Assez vite dégoûté du plâtre et de la truelle, il part pour les
Pays-Bas, guerroyer contre les Espagnols.
De retour à Londres, aux environs de 1592, il
découvre que sa voie est au théâtre.
Comédien plus que médiocre, il gagne surtout sa vie
en se livrant à de menus travaux de nègre : collaborations obscures, rafistolage de vieilles
pièces.
Quelques années se passent ainsi, au bout desquelles, s'étant pris de querelle avec
un de ses camarades acteurs et l'ayant tué en duel, il est jeté en prison et, pour échapper à
la pendaison et recouvrer sa liberté, abjure le protestantisme et devient catholique romain.
Cette conversion, qui sera suivie douze ans plus tard d'un retour aussi sincère à la foi de
ses pères, porte bonheur à Ben Jonson.
Il connaît son premier succès d'auteur avec la
première version (sans prologue, bien entendu !) d 'Every man in his humour. A ce
moment-là, heureusement, toutes les positions sont déjà prises : Shakespeare, Beaumont,
Dekker, Chapman tiennent le haut du pavé, et le style élisabéthain est créé.
Heureusement
pour le théâtre, car Ben Jonson, élisabéthain par la naissance, l'humeur, la truculence, est
prêt à s'opposer de toutes ses forces, parce que tel est son goût et tel son tempérament, à la
merveilleuse floraison dramatique de son temps.
Et s'il ne réussit pas dans son œ uvre de
stérilisation, ce n'est pas faute de s'y être employé de son mieux : Jonson, auteur comique,
écrit dans le pur style de Plaute et de Térence, respectant les trois unités et mettant en
scène des caractères dans la tradition la plus classique ; Jonson, auteur tragique, ne traite
que des sujets antiques — un Sedan et un Catilina qui n'auront, du reste, guère de succès.
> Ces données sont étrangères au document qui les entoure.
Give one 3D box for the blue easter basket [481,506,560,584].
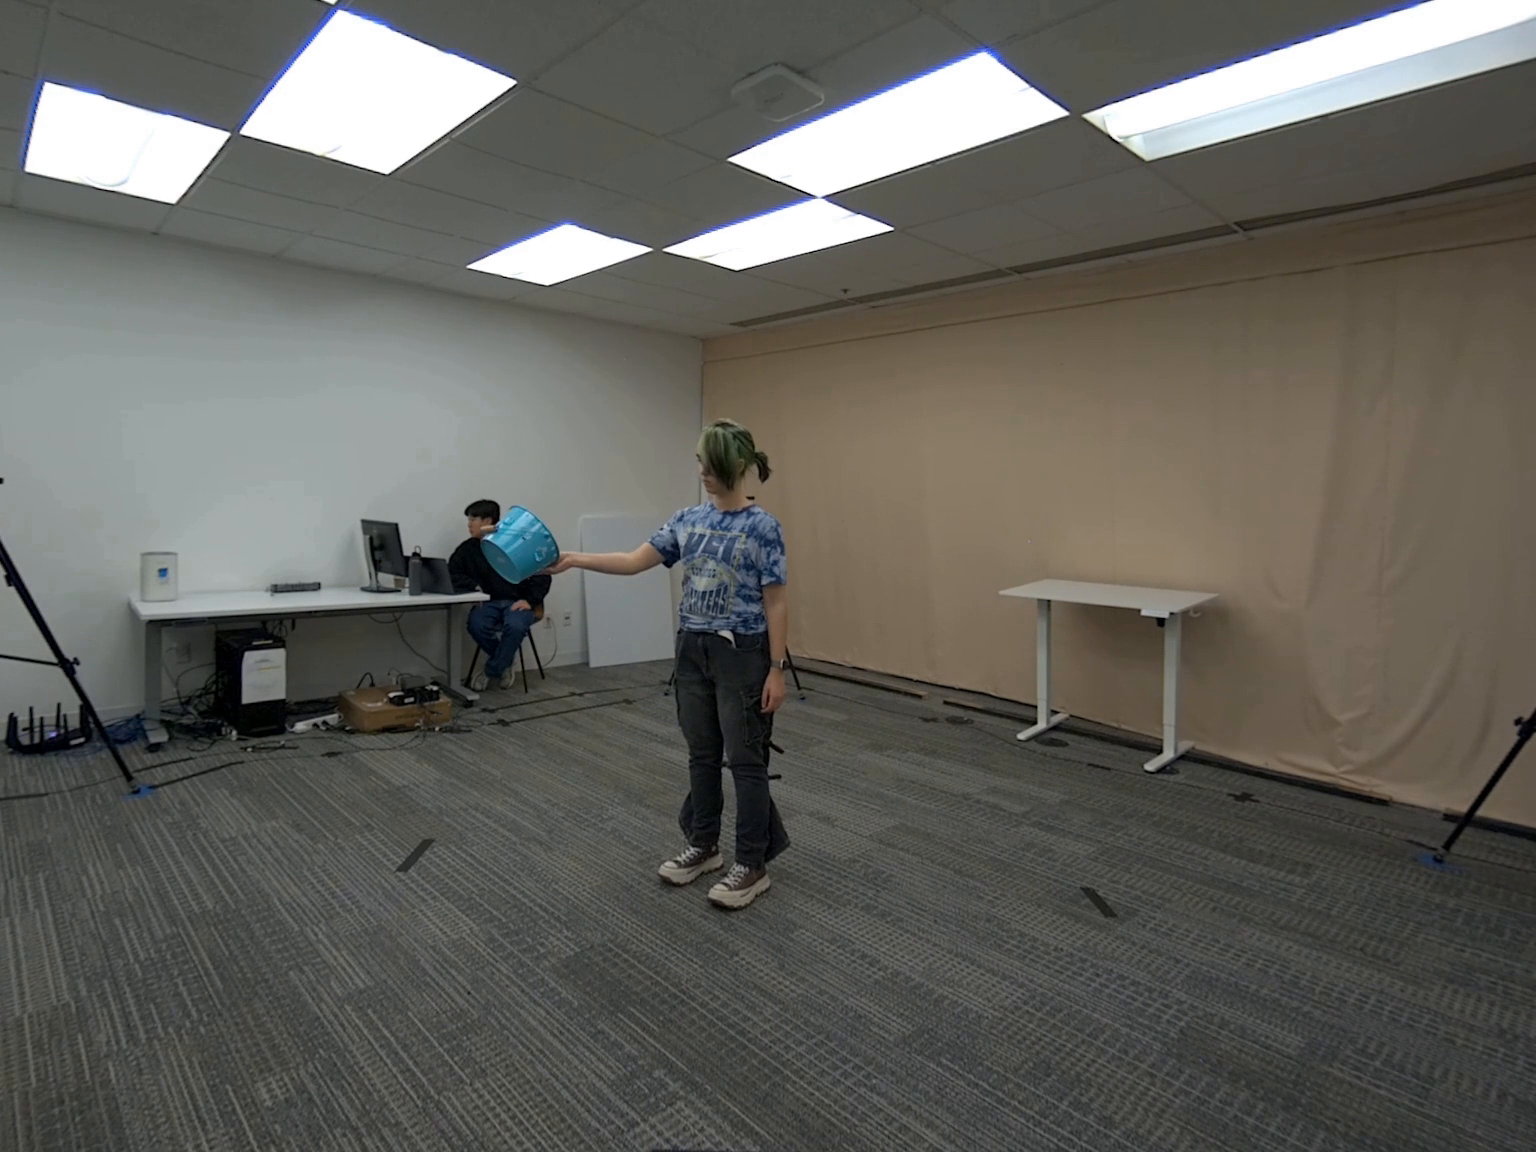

Mais on ne vit pas impunément au contact d'un Shakespeare, pas plus qu'on ne respire
impunément l'air de la Londres élisabéthaine, et malgré Plaute et Sénèque, presque malgré
lui-même, Ben Jonson finit par écrire les quatre œ uvres qui peuvent justifier la place qu'on
lui a donnée : Volpone ou le renard, Epicène ou la femme silencieuse, l'Alchimiste et la Foire de la
Saint-Barthélemy, des comédies de haut goût où l'esprit d'observation n'atteint certes pas à
celui d'un Molière, mais qui sont toutes du meilleur théâtre.
Quant à ses autres pièces — la
Nouvelle auberge, le Conte du tonneau, etc.
— elles ne valent pas grand-chose et il est permis
de leur préférer n'importe lequel des “ masques ” composés pour le roi Jacques Ier...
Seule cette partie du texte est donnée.